Uyduların günlük hayatın vazgeçilmezi olduğu günümüzde Elektronik Harp uygulamalarının uydular üzerinden kullanım olasılığı savunma sanayii firmalarının yatırım yapabileceği bir alan olarak öne çıkıyor. Uzayda hâkimiyet sağlayan güçler Elektronik Harp uygulamalarıyla tüm savaş cephelerinde üstünlük sağlayarak ülkelerin savunmasında avantaj elde ediyor. Ayrıca “Uydudan Desteklenen Elektronik Harp” uygulamalarıyla savaş alanında sağlanan üstünlük karşıt güçlerin zayıflatılması ve hatta savaşın kazanılmasında kritik bir rol oynama potansiyeli taşıyor.
Elektronik Harp uygulamaları geliştikçe uzayda bulunan uyduların sayısının artması mümkün.
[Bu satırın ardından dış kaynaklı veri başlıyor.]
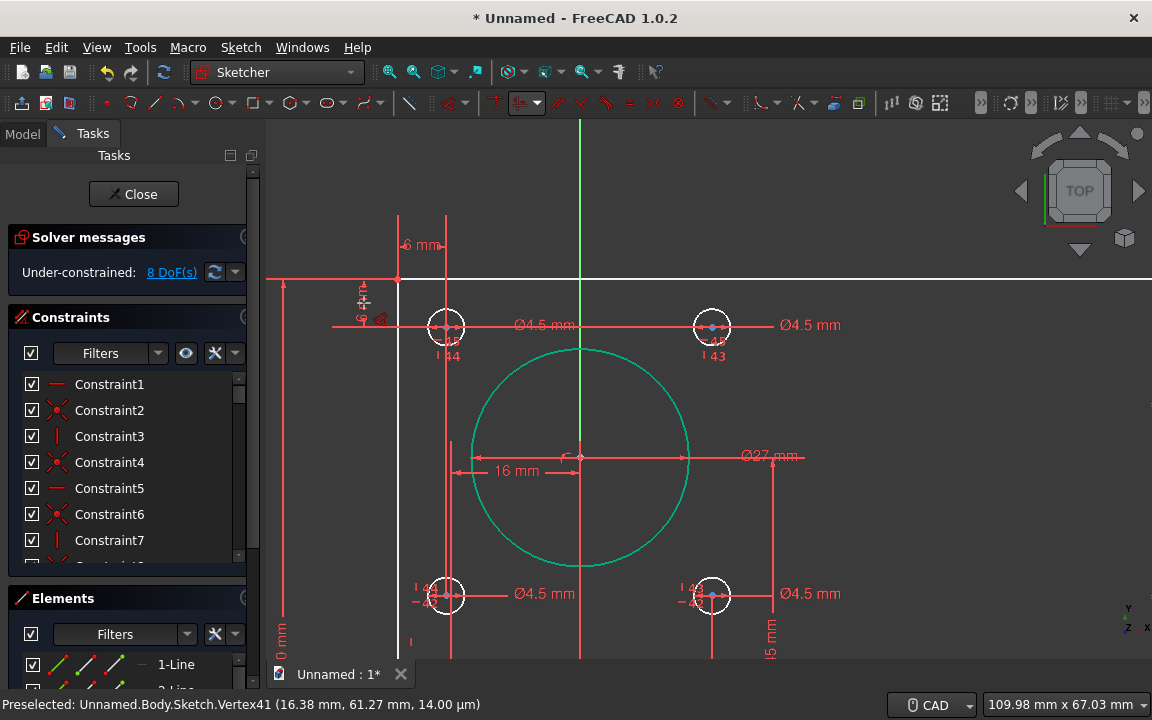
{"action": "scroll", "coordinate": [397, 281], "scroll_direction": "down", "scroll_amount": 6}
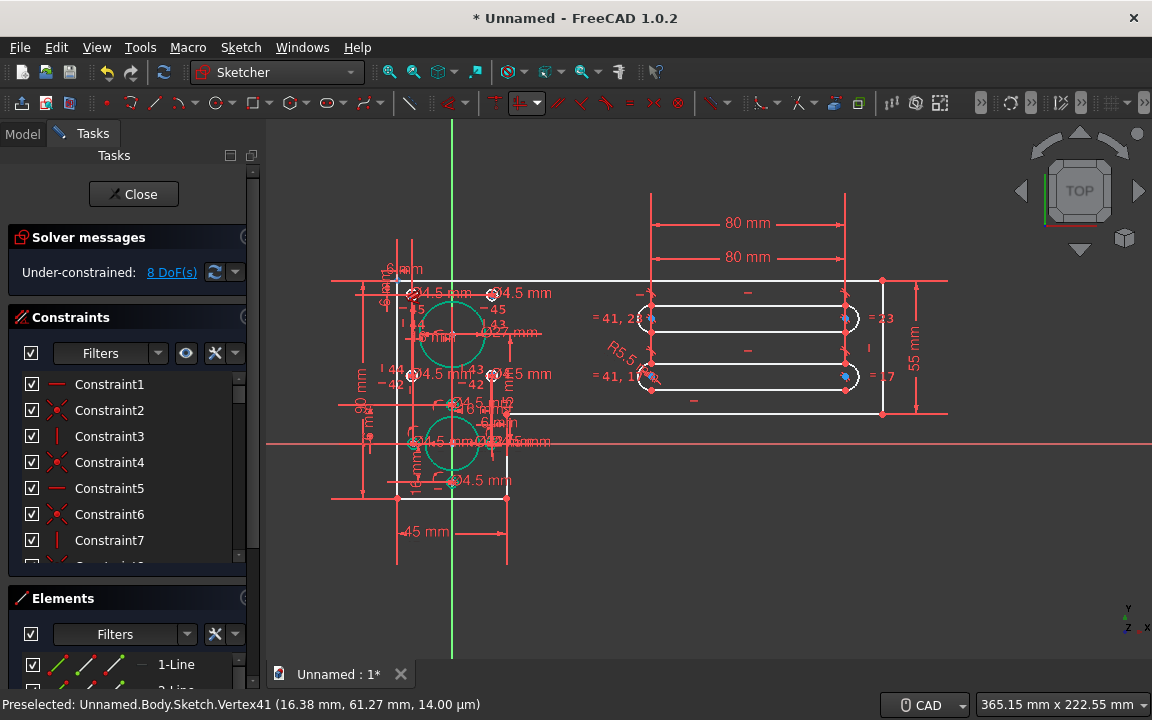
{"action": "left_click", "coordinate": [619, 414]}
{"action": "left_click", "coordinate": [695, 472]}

Bu sistemlerin gelişen teknolojilerin de desteğiyle savaş alanlarında sağlayacağı üstünlük geleceğin savaşlarının sonucunda etkili bir rol oynayabilir. Elektronik Harp teknolojilerine yatırım yapan ve bunların uydu entegrasyonunu sağlayan ülkelerin, geleceğin uzay çağında söz sahibi olma ihtimali yüksek görünüyor.